◆ WHAT YOU HAVE TO DO
Write exactly, with no line omitted or added, the span beginning at the line that holds "remote control ->" and ending at the last line of the records.

DATASET Block Start

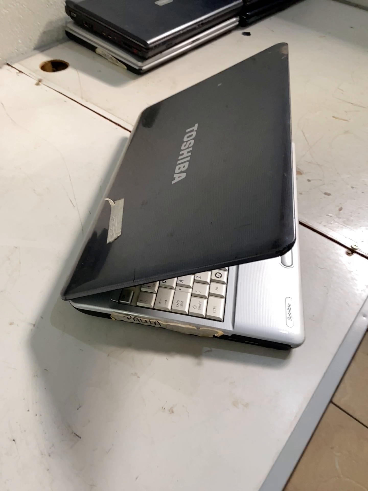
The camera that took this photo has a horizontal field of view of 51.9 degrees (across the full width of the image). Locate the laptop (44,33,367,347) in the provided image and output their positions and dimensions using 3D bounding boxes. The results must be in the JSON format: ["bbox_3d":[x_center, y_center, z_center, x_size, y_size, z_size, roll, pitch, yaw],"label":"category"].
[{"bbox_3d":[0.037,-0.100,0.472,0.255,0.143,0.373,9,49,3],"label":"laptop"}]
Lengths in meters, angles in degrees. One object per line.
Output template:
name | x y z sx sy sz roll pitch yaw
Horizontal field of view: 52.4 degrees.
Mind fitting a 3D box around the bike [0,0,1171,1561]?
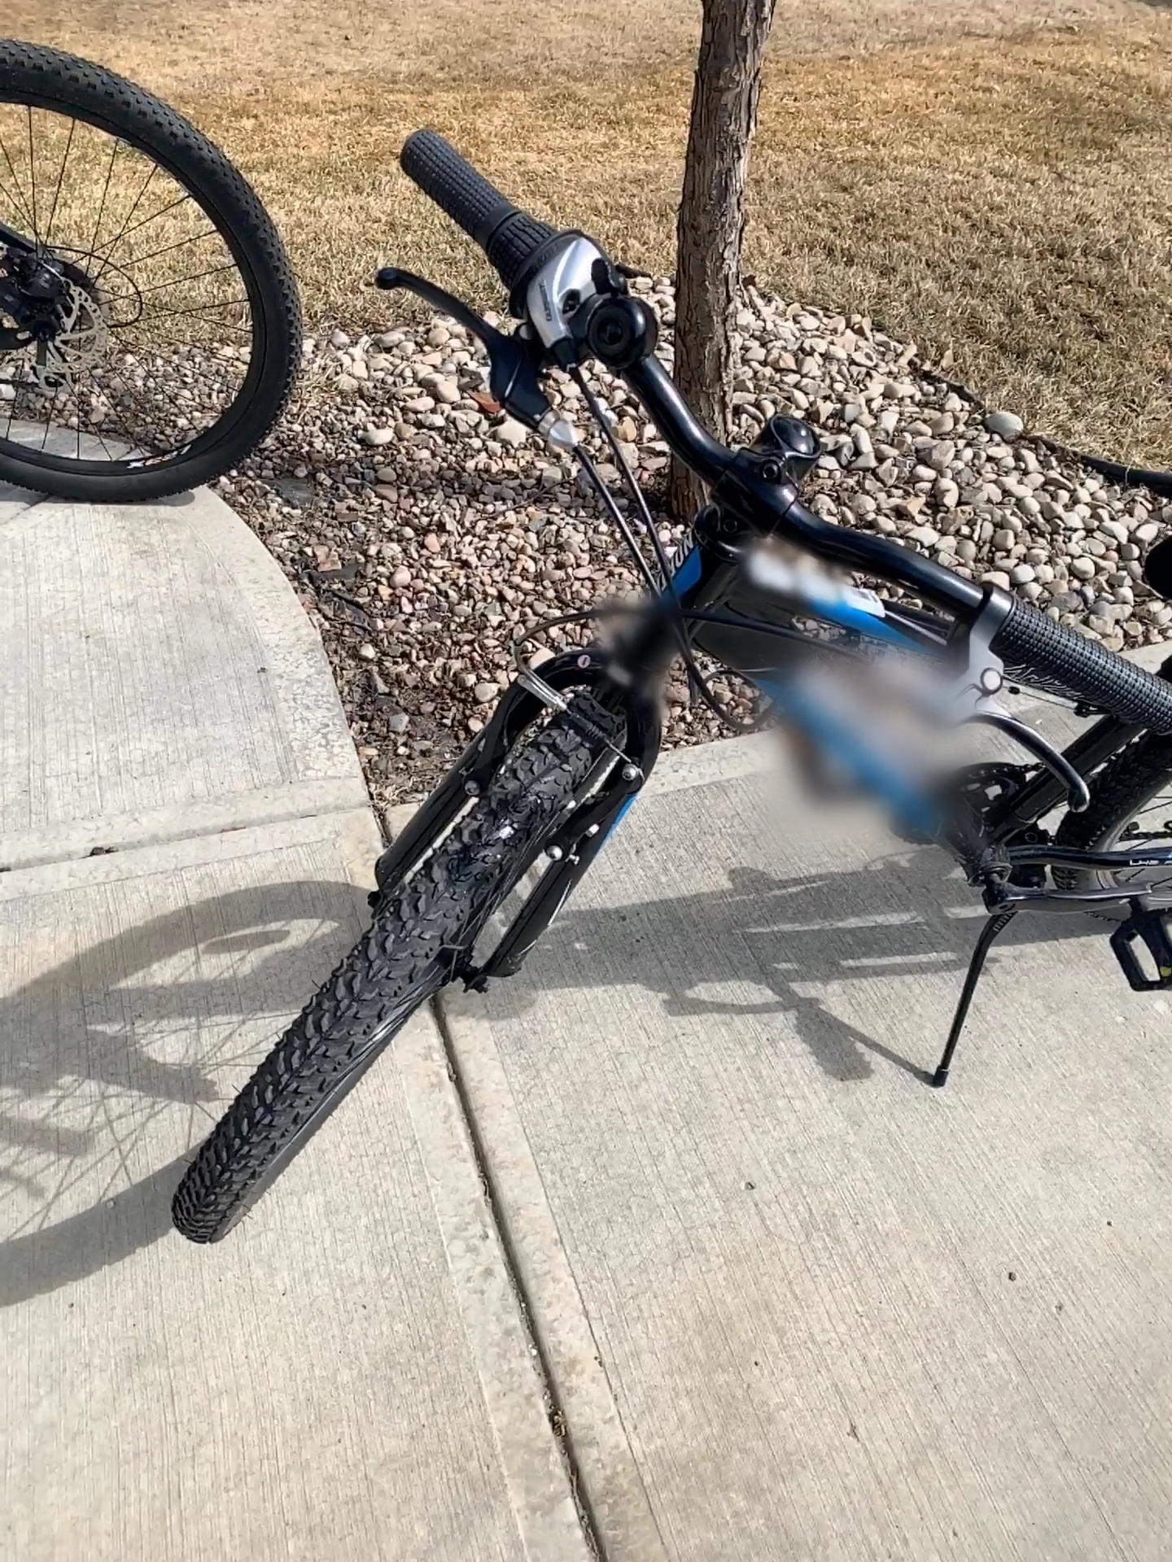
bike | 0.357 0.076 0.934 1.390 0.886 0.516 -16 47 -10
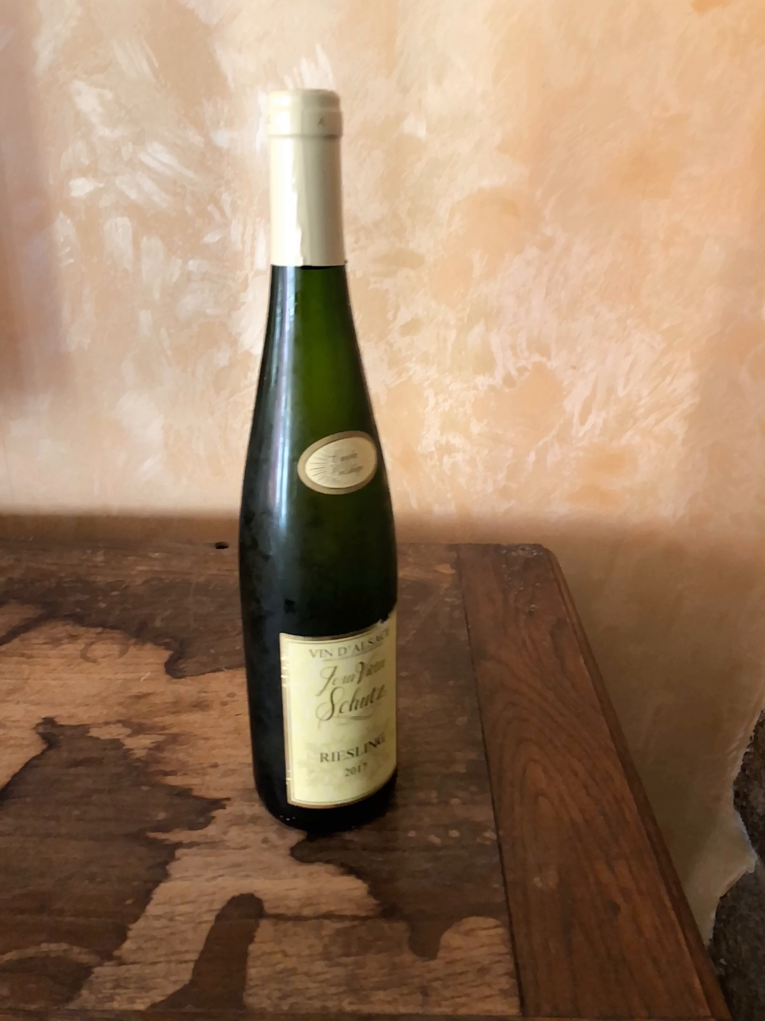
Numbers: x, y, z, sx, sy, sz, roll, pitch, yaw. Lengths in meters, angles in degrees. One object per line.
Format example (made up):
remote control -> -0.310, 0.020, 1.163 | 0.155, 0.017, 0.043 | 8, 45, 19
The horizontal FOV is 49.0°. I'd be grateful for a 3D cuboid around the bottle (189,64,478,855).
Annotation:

DATASET Block End

◆ EXERCISE ANSWER
remote control -> -0.310, 0.020, 1.163 | 0.155, 0.017, 0.043 | 8, 45, 19
The horizontal FOV is 49.0°. I'd be grateful for a 3D cuboid around the bottle (189,64,478,855).
Annotation:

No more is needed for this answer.